## Problem to work on
Please output only the lines running from the one that contains "Type Berlin" through the last line of the data below, exactly as they stand, with no pictures.

Records from a dataset:
*** Begin section ***

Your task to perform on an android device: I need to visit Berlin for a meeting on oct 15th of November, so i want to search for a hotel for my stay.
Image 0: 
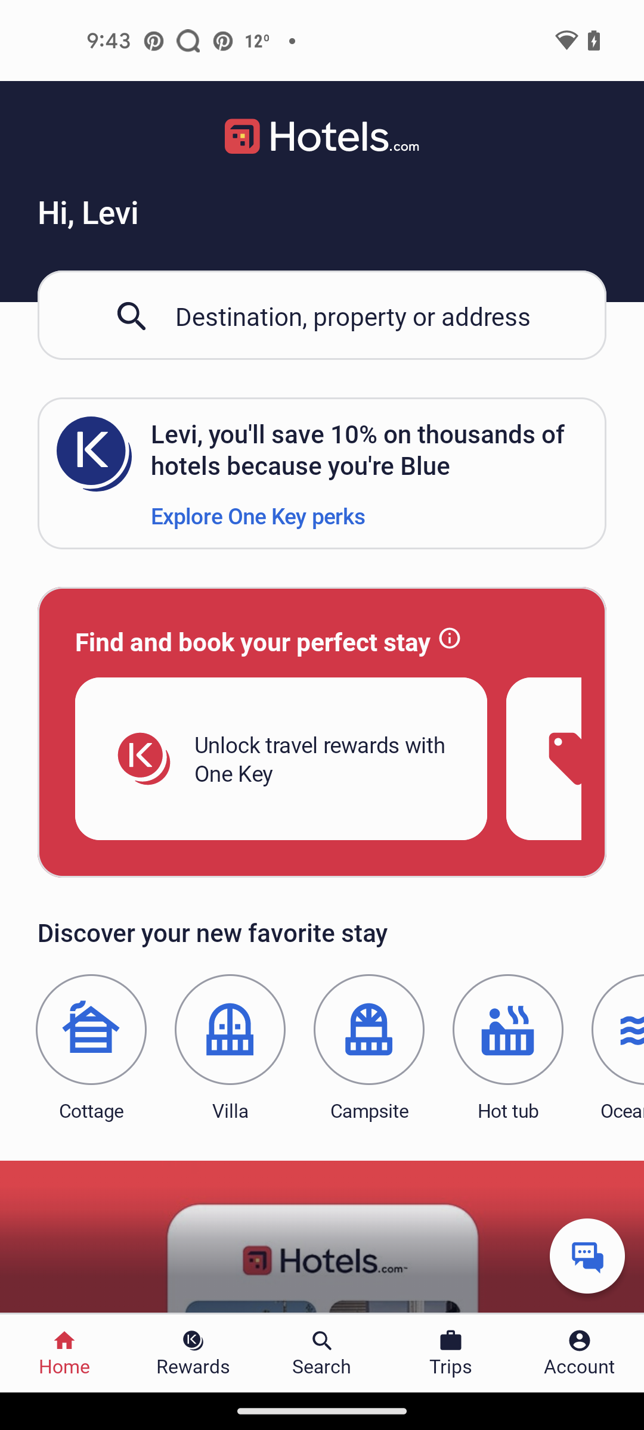
Click on the destination search box on the top of the screen.
Step 0: click (353, 316)
Image 1: 
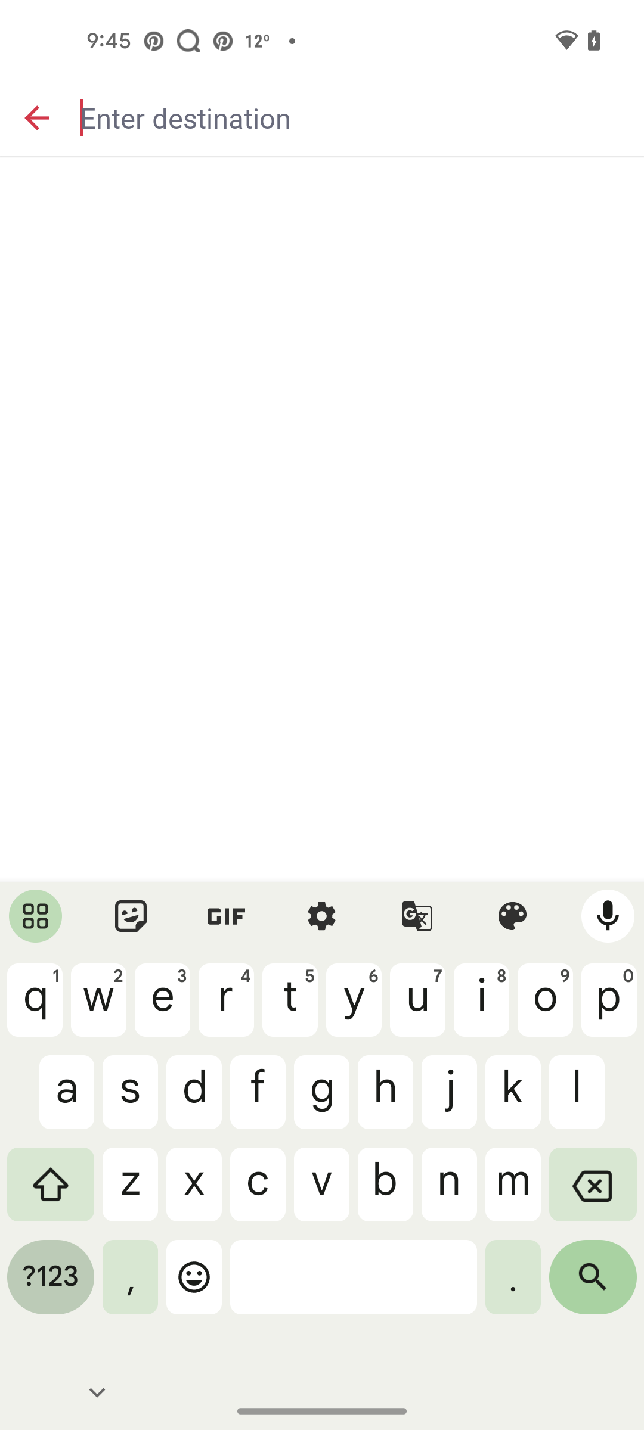
Type Berlin
Step 1: type "Berlin"
Image 2: 
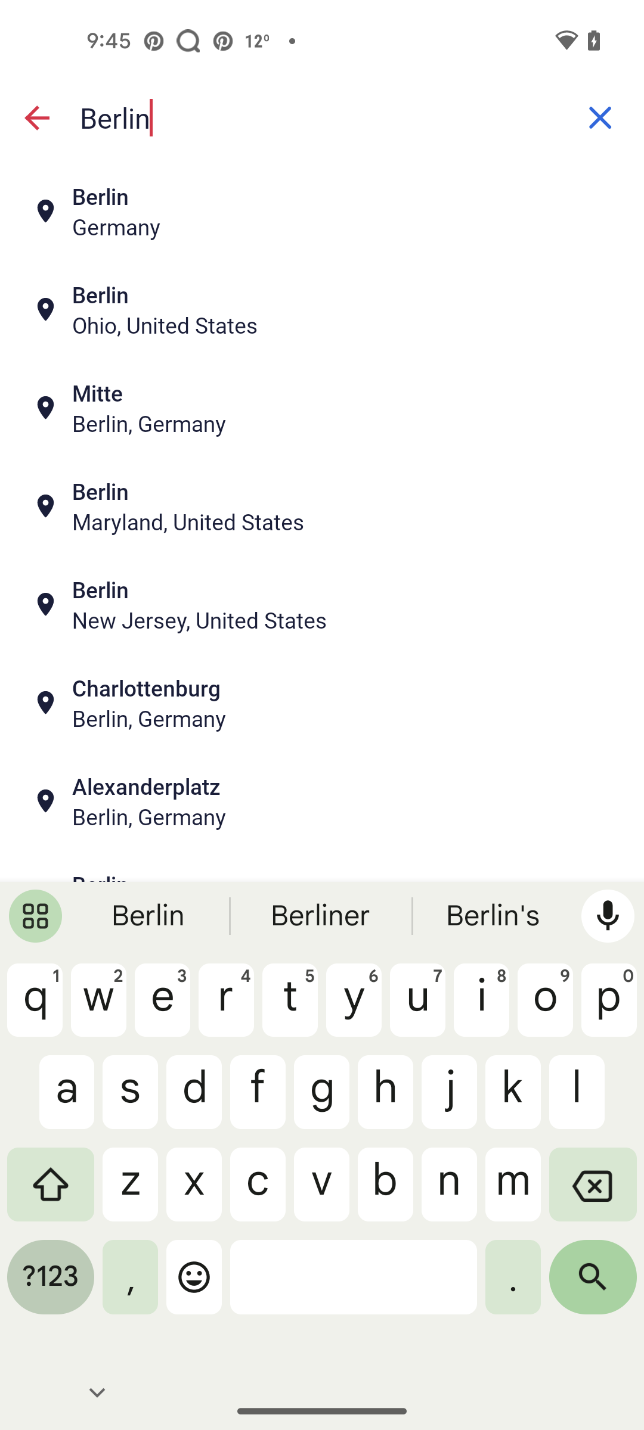
Click on the first option.
Step 2: click (345, 211)
Image 3: 
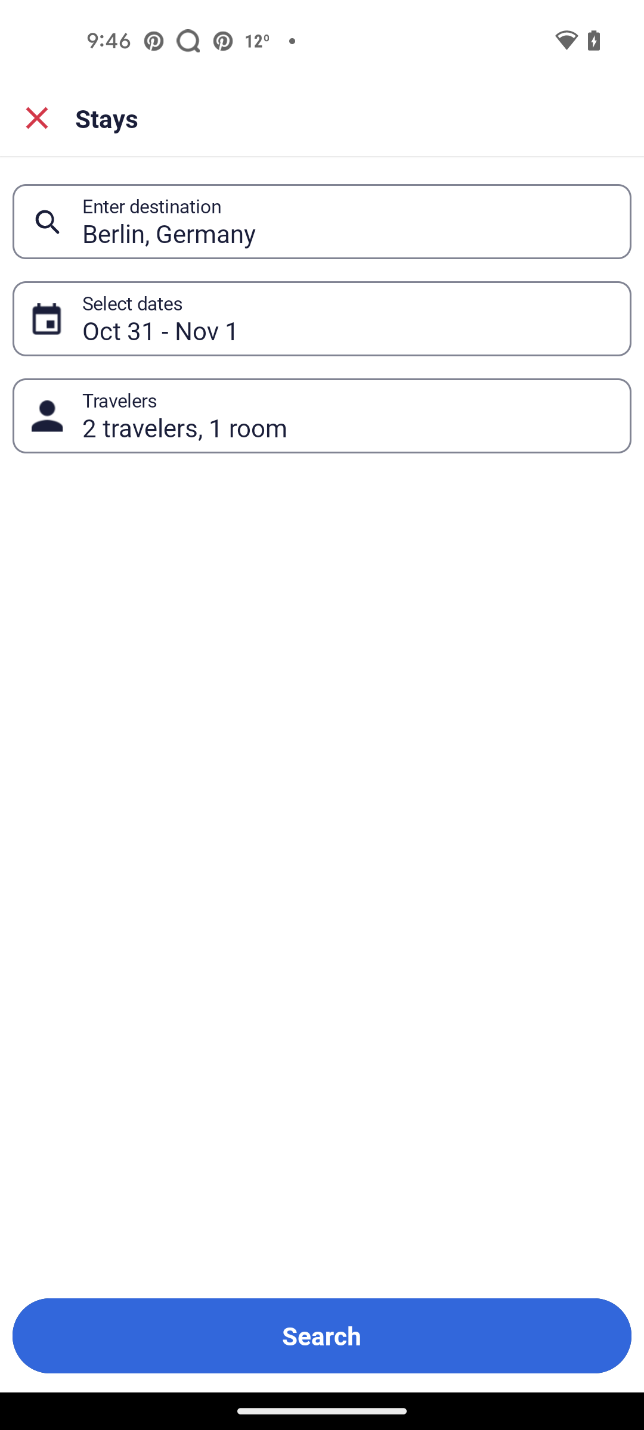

*** End section ***

## Answer to this problem
Type Berlin
Step 1: type "Berlin"
Image 2: 
Click on the first option.
Step 2: click (345, 211)
Image 3: 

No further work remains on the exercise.